# [What is needed]
Tally the lines of these entries that include "object"; respond with only that tally.

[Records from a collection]
• • •
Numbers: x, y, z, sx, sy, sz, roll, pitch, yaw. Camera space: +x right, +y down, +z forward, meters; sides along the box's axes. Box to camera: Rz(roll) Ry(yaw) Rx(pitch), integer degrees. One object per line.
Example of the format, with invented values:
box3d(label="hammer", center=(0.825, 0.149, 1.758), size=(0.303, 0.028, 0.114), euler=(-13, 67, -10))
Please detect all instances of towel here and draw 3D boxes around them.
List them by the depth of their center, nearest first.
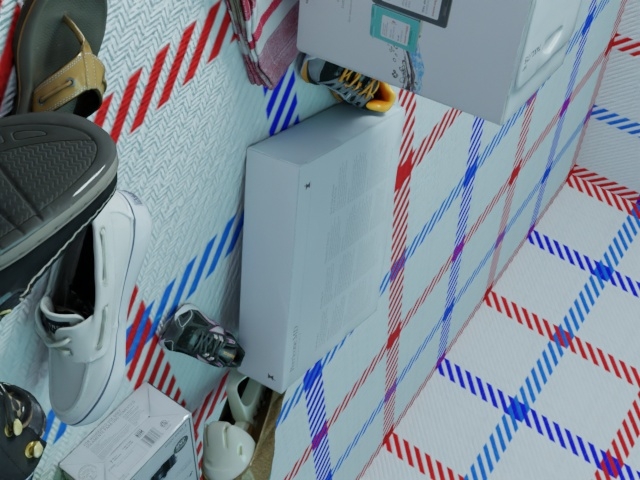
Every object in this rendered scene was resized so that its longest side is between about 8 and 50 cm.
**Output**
box3d(label="towel", center=(-0.027, -0.347, 0.909), size=(0.237, 0.037, 0.329), euler=(-54, 157, -19))

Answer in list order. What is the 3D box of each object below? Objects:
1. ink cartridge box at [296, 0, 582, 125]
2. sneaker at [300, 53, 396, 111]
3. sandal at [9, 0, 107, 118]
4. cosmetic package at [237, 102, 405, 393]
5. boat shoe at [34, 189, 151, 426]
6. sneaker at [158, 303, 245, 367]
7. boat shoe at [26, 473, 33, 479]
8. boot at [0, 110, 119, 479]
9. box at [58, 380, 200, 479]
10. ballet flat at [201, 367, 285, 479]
box3d(label="ink cartridge box", center=(0.143, -0.292, 0.940), size=(0.198, 0.270, 0.197), euler=(-43, 149, -43))
box3d(label="sneaker", center=(0.043, -0.230, 1.144), size=(0.084, 0.083, 0.215), euler=(-62, 157, 7))
box3d(label="sandal", center=(-0.223, -0.123, 0.714), size=(0.090, 0.060, 0.219), euler=(-10, 126, -63))
box3d(label="cosmetic package", center=(0.000, 0.000, 1.260), size=(0.284, 0.097, 0.377), euler=(-37, 140, -50))
box3d(label="boat shoe", center=(-0.249, 0.077, 0.864), size=(0.088, 0.096, 0.268), euler=(-9, 124, -59))
box3d(label="sneaker", center=(-0.155, 0.141, 1.172), size=(0.072, 0.077, 0.178), euler=(-62, 158, 0))
box3d(label="boat shoe", center=(-0.379, 0.308, 0.895), size=(0.183, 0.065, 0.083), euler=(-40, 149, -44))
box3d(label="boot", center=(-0.301, 0.090, 0.699), size=(0.377, 0.138, 0.284), euler=(-46, 153, -24))
box3d(label="box", center=(-0.259, 0.355, 1.192), size=(0.169, 0.087, 0.290), euler=(-46, 154, -34))
box3d(label="ballet flat", center=(-0.119, 0.276, 1.303), size=(0.124, 0.116, 0.342), euler=(61, 40, -45))
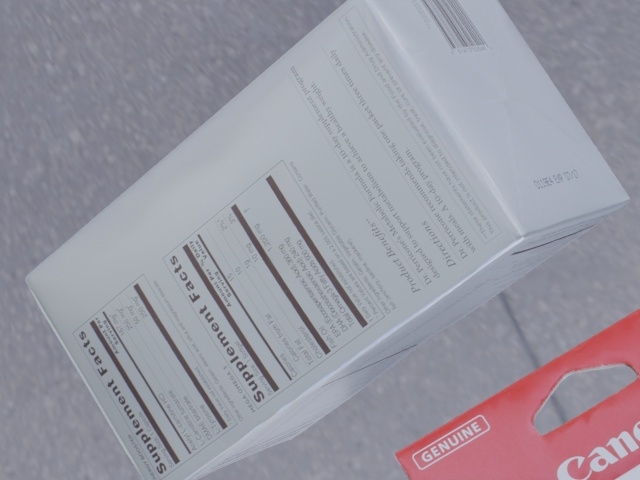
• • •
# [Your response]
3